Brasil kembali mengukir sejarah sepak bola dunia dengan menjadi tuan rumah Piala Dunia FIFA 2014. Ini merupakan kali kedua negeri Samba ini menyelenggarakan turnamen akbar tersebut, setelah terakhir kali melakukannya pada tahun 1950—tepatnya 64 tahun sebelumnya. Ajang ini berlangsung meriah dari tanggal 12 Juni hingga 13 Juli 2014, menyedot perhatian jutaan pecinta bola di seluruh dunia.

Salah satu momen paling ikonik terjadi di Stadion Maracanã, Rio de Janeiro, yang dipilih kembali sebagai lokasi pertandingan final. Stadion legendaris ini pernah menjadi saksi kejadian tragis “Maracanazo” pada 1950, ketika Brasil kalah dari Uruguay. Kali ini, Maracanã kembali menjadi sorotan dunia, meski dengan kenangan yang berbeda.

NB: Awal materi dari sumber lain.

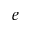<formula> <loc_0><loc_0><loc_500><loc_500>e</formula> 
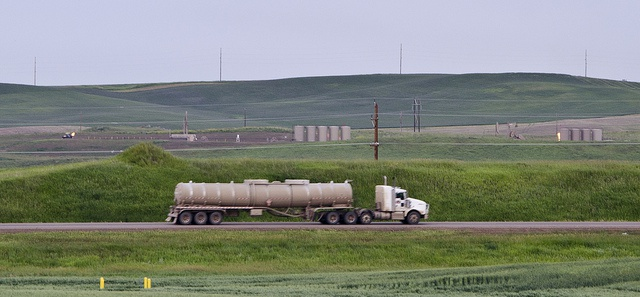Describe the objects in this image and their specific colors. I can see a truck in lavender, darkgray, black, and gray tones in this image. 
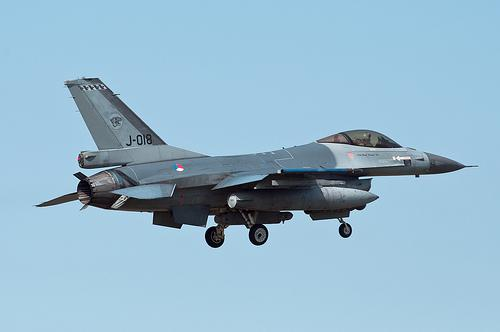Question: what is this a picture of?
Choices:
A. Cat.
B. Jet.
C. Dog.
D. Statue.
Answer with the letter. Answer: B Question: who is flying the plane?
Choices:
A. Pilot.
B. The co-pilot.
C. The auto-pilot.
D. A woman.
Answer with the letter. Answer: A Question: why is it light outside?
Choices:
A. It is morning.
B. Sun.
C. It is mid day.
D. It is the evening.
Answer with the letter. Answer: B Question: when was the picture taken?
Choices:
A. At night.
B. In the summer.
C. In the winter.
D. Morning.
Answer with the letter. Answer: D 
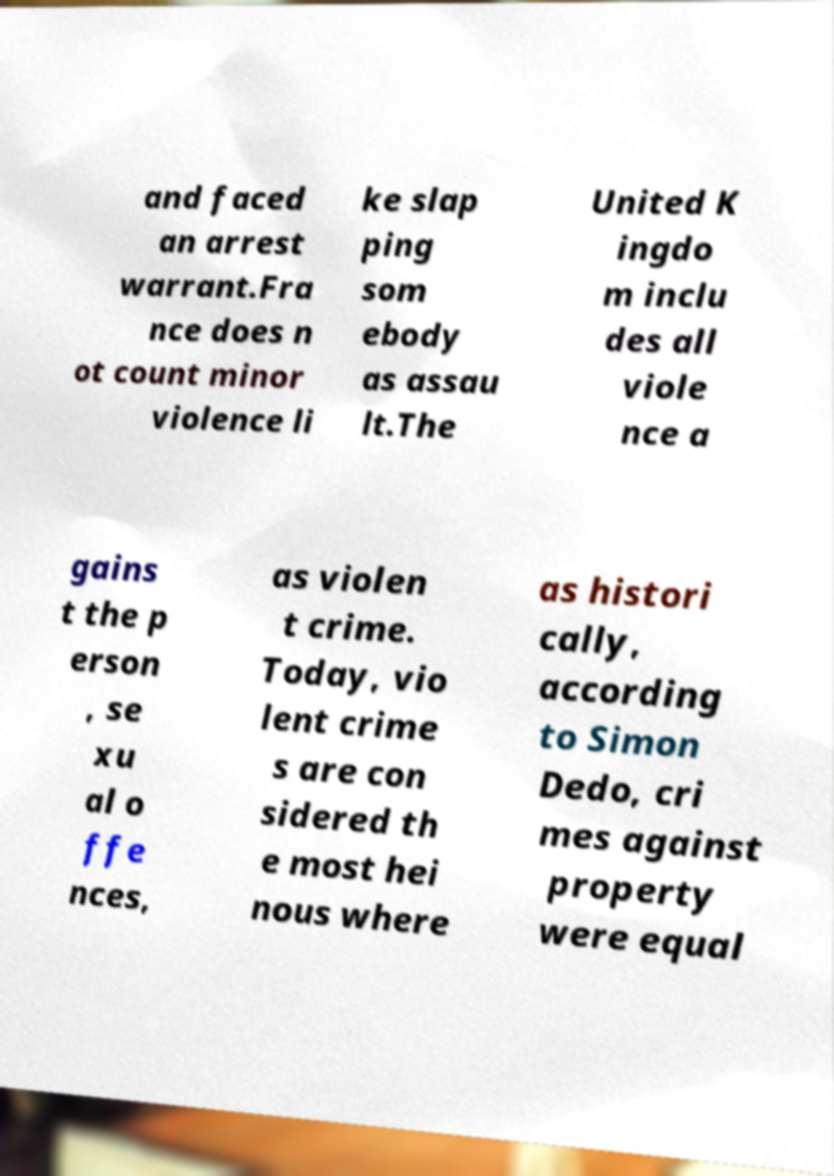Can you accurately transcribe the text from the provided image for me? and faced an arrest warrant.Fra nce does n ot count minor violence li ke slap ping som ebody as assau lt.The United K ingdo m inclu des all viole nce a gains t the p erson , se xu al o ffe nces, as violen t crime. Today, vio lent crime s are con sidered th e most hei nous where as histori cally, according to Simon Dedo, cri mes against property were equal 
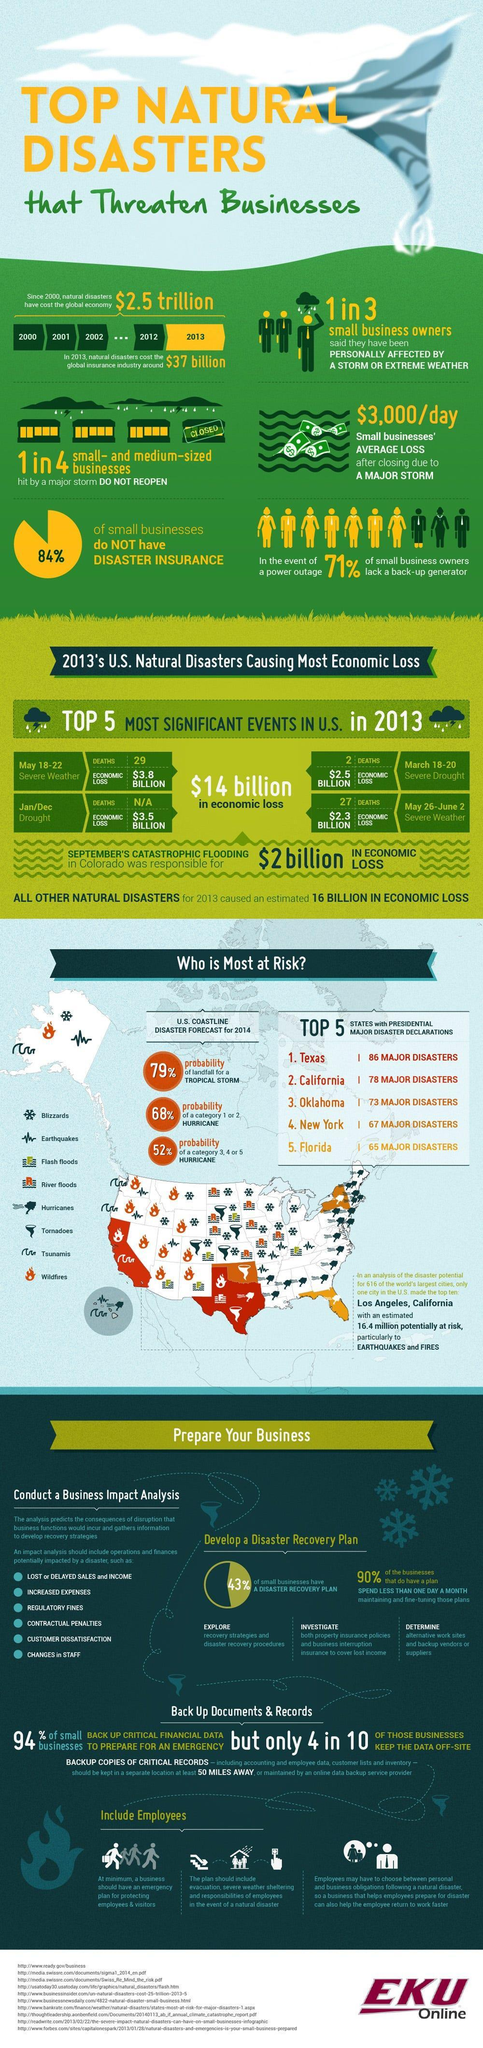How many people were killed by severe drought in the U.S. during March 18-20, 2013?
Answer the question with a short phrase. 2 How many people were killed by the severe weather conditions in the U.S. during May 18- 22, 2013? 29 How many people were killed by the severe weather conditions in the U.S. during May 26- June 2, 2013? 27 What percent of the small businesses do not have a disaster recovery plan? 57% What is the probability of a category 1 or 2 hurricane in the U.S. coastline in 2014? 68% What percent of small businesses have a disaster insurance? 16% What is the economic loss (in billions) caused by the severe weather conditions in the U.S. during May 26- June 2, 2013? $2.3 What is the economic loss (in billions) caused by drought in the U.S. in January/December 2013? $3.5 What is the probability of a category 3,4 or 5 hurricane in the U.S. coastline in 2014? 52% 
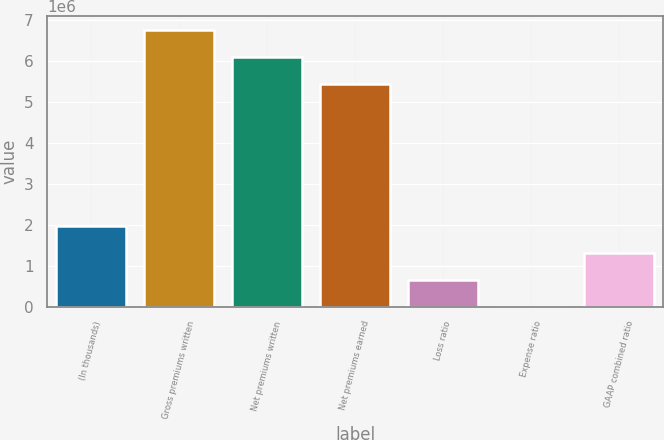Convert chart to OTSL. <chart><loc_0><loc_0><loc_500><loc_500><bar_chart><fcel>(In thousands)<fcel>Gross premiums written<fcel>Net premiums written<fcel>Net premiums earned<fcel>Loss ratio<fcel>Expense ratio<fcel>GAAP combined ratio<nl><fcel>1.98227e+06<fcel>6.75299e+06<fcel>6.09225e+06<fcel>5.4315e+06<fcel>660779<fcel>32.6<fcel>1.32152e+06<nl></chart> 
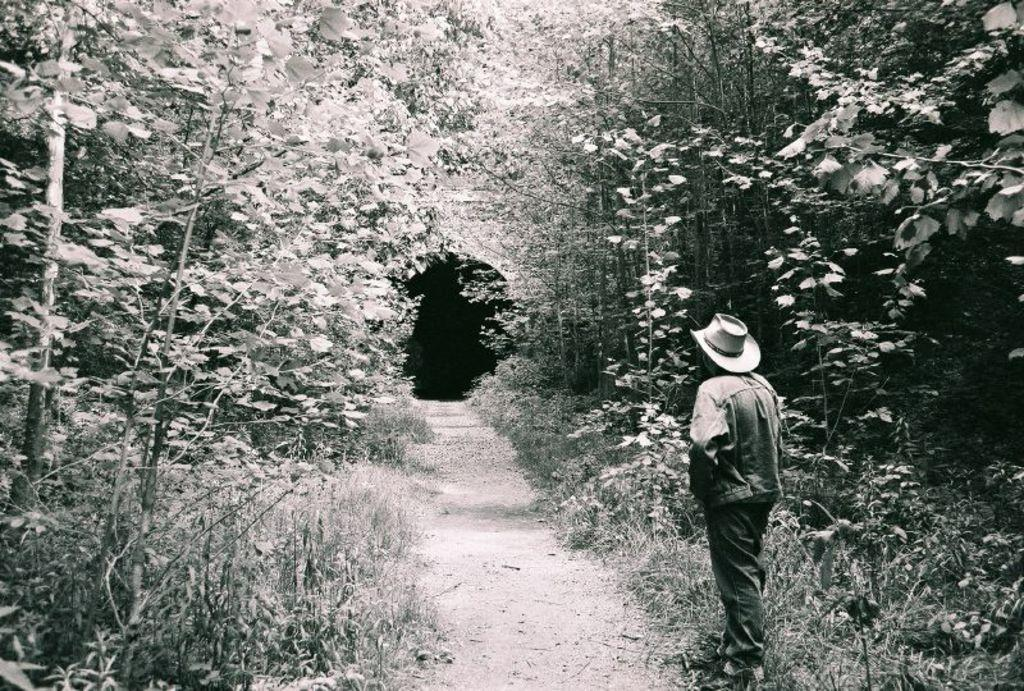What is the main subject of the image? There is a person standing in the image. Can you describe the person's attire? The person is wearing clothes and a hat. What type of natural environment is visible in the image? There are trees and grass visible in the image. What type of structure can be seen in the image? There is an arch construction in the image. Is there a path visible in the image? Yes, there is a path in the image. How many sheep can be seen grazing on the grass in the image? There are no sheep present in the image; it features a person standing, trees, grass, an arch construction, and a path. What type of sea creature can be seen swimming near the arch construction in the image? There are no sea creatures present in the image, as it is set in a land-based environment with trees, grass, and a path. 
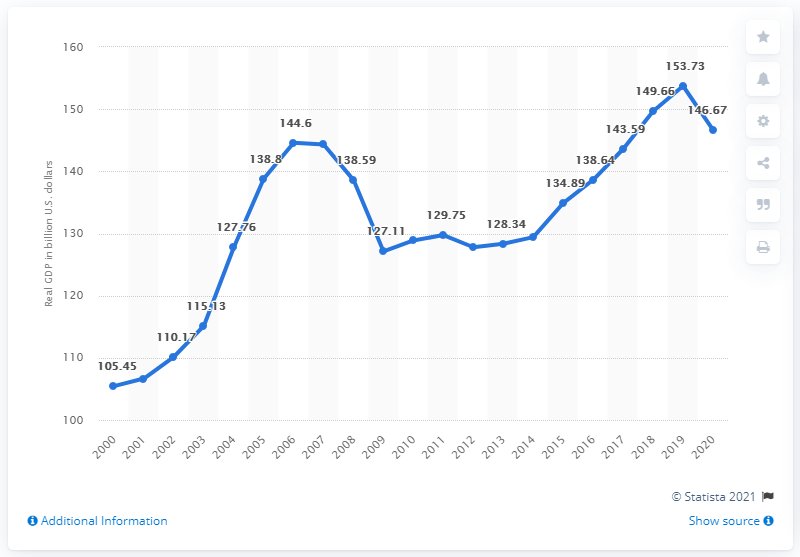Draw attention to some important aspects in this diagram. In 2018, the Gross Domestic Product (GDP) of Nevada was $153.73 billion. In 2020, Nevada's Gross Domestic Product (GDP) was 146.67. 
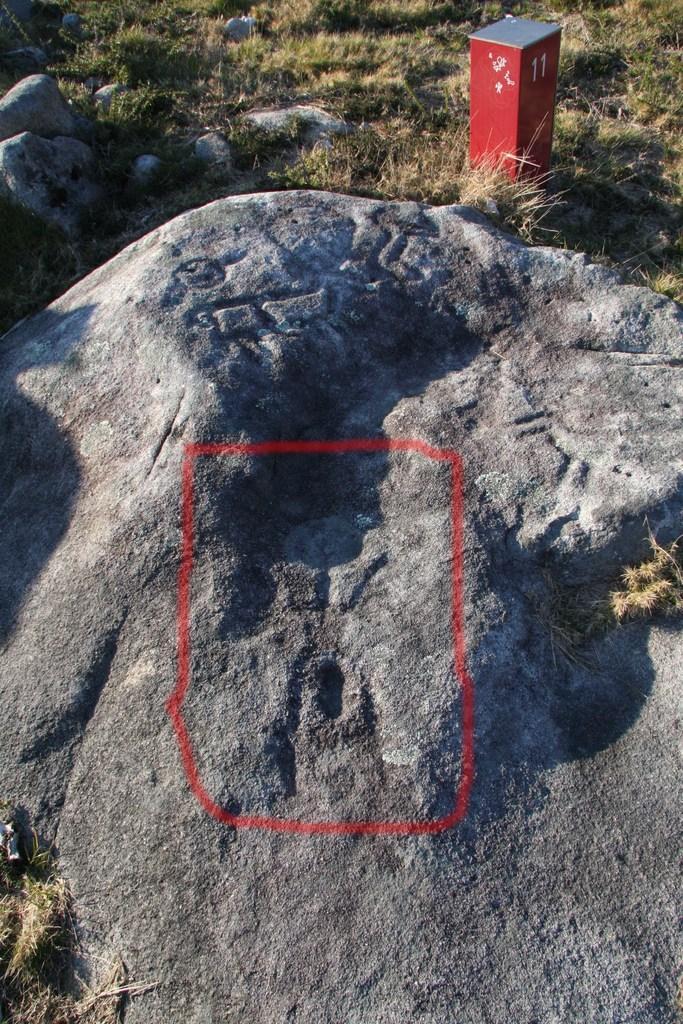Please provide a concise description of this image. In this picture we can see rocks, stone and in the background we can see grass. 
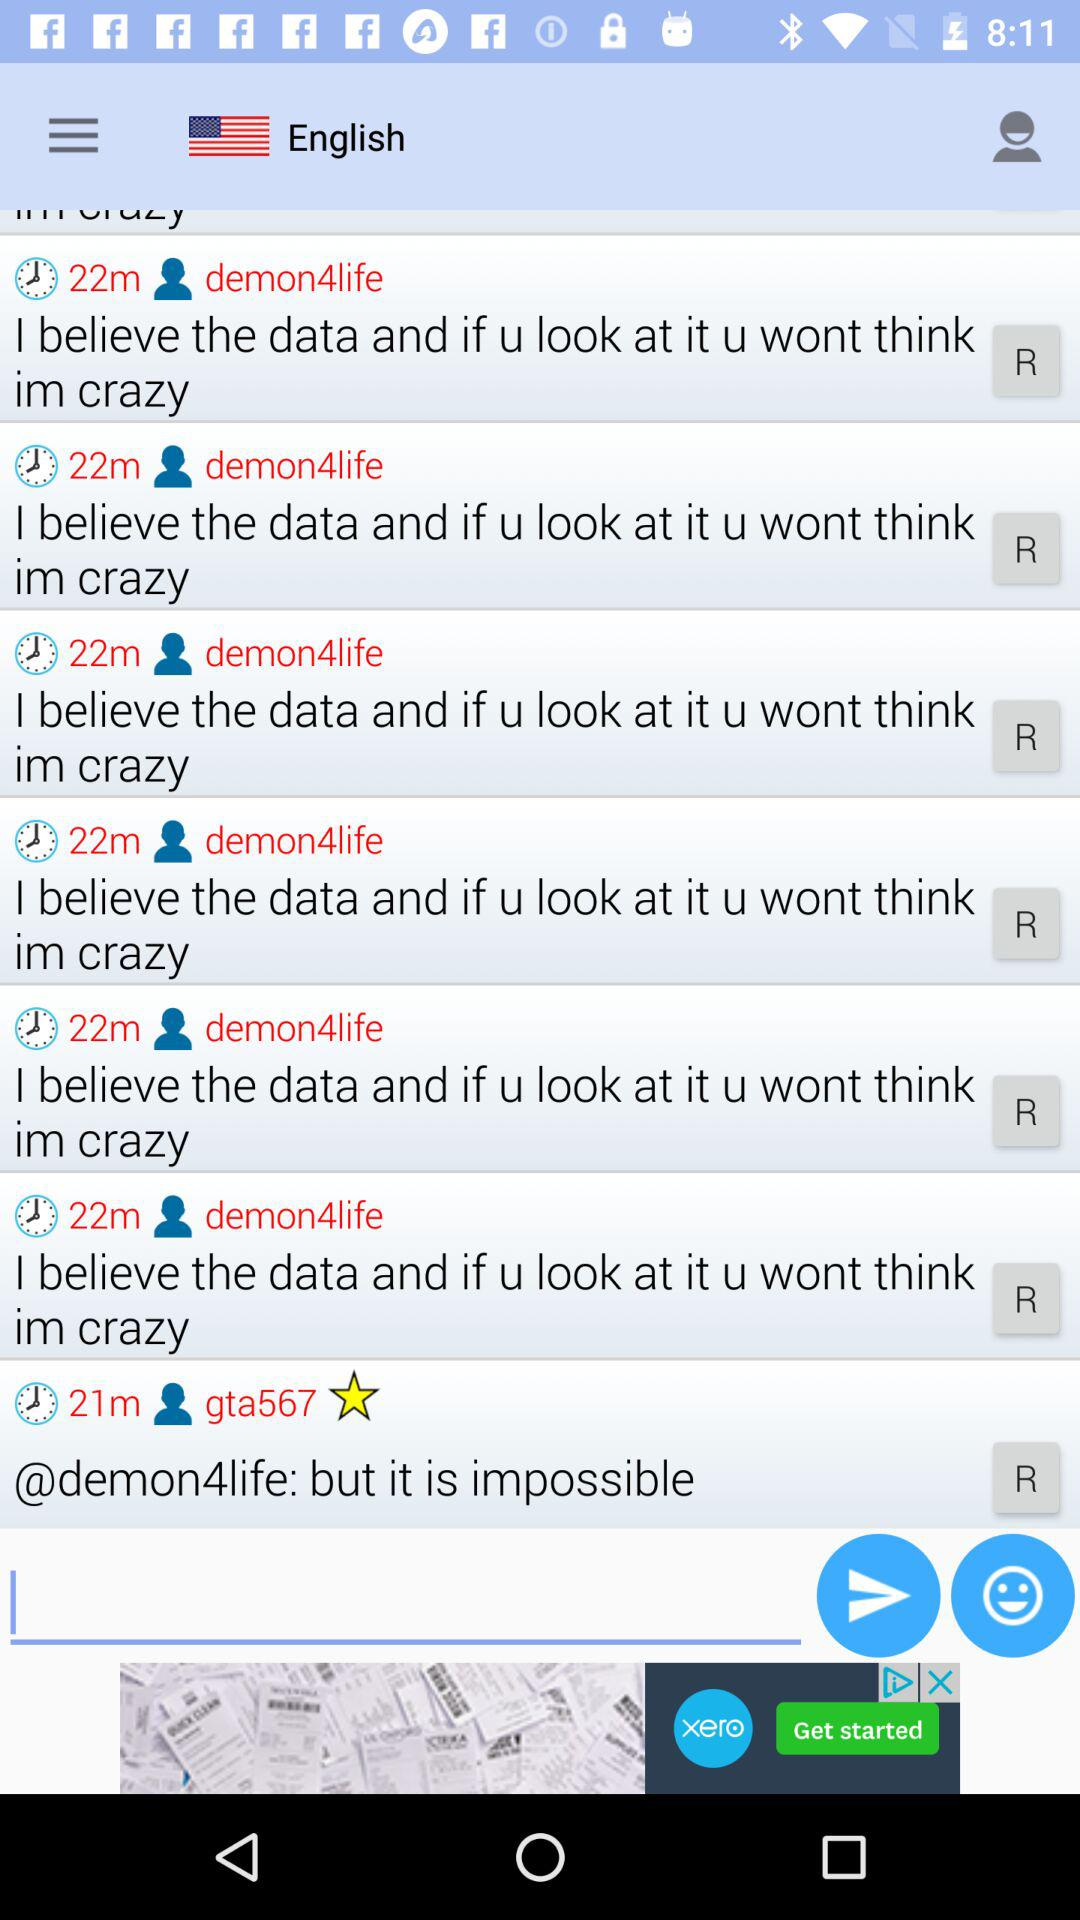What is the language? The language is English. 
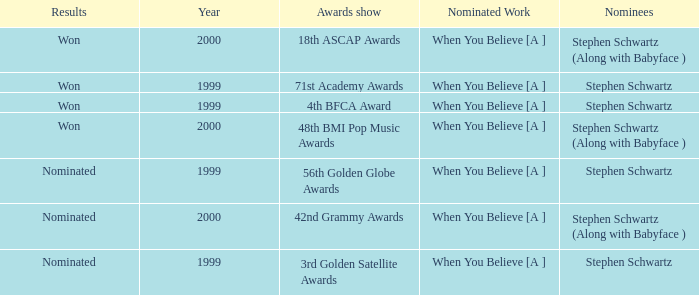Which Nominated Work won in 2000? When You Believe [A ], When You Believe [A ]. Parse the full table. {'header': ['Results', 'Year', 'Awards show', 'Nominated Work', 'Nominees'], 'rows': [['Won', '2000', '18th ASCAP Awards', 'When You Believe [A ]', 'Stephen Schwartz (Along with Babyface )'], ['Won', '1999', '71st Academy Awards', 'When You Believe [A ]', 'Stephen Schwartz'], ['Won', '1999', '4th BFCA Award', 'When You Believe [A ]', 'Stephen Schwartz'], ['Won', '2000', '48th BMI Pop Music Awards', 'When You Believe [A ]', 'Stephen Schwartz (Along with Babyface )'], ['Nominated', '1999', '56th Golden Globe Awards', 'When You Believe [A ]', 'Stephen Schwartz'], ['Nominated', '2000', '42nd Grammy Awards', 'When You Believe [A ]', 'Stephen Schwartz (Along with Babyface )'], ['Nominated', '1999', '3rd Golden Satellite Awards', 'When You Believe [A ]', 'Stephen Schwartz']]} 
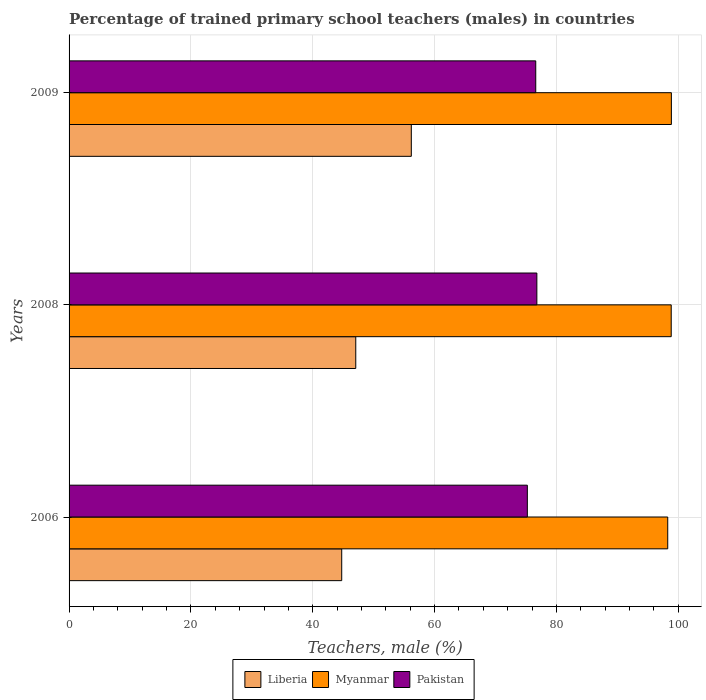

Piala Dunia 2014 dikenang tidak hanya karena kemenangan Jerman atas Argentina di final dengan skor 1-0, tetapi juga karena kejutan besar saat Brasil, sebagai tuan rumah, harus menelan kekalahan telak 1-7 dari Jerman di babak semifinal. Laga yang berlangsung di Stadion Minas Gerais itu membuat seluruh bangsa Brasil terdiam, sekaligus menjadi salah satu momen paling menyedihkan dalam sejarah sepak bola mereka.

Turnamen ini juga menampilkan permainan menyerang yang menghibur, dengan tim-tim seperti Prancis, Belgia, dan Kolombia menunjukkan performa gemilang. Namun, pada akhirnya, Jerman keluar sebagai juara setelah berhasil meraih trofi Piala Dunia untuk kali keempat, dengan gol dramatis Mario Götze di babak perpanjangan waktu.

Selain dari sisi olahraga, Piala Dunia 2014 juga meninggalkan jejak politik dan sosial di Brasil, dengan protes besar-besaran sebelum dan selama turnamen terkait biaya penyelenggaraan yang tinggi dan dugaan korupsi. Meski demikian, ajang ini tetap menjadi bukti bahwa sepak bola mampu menyatukan dunia dalam satu panggung yang megah.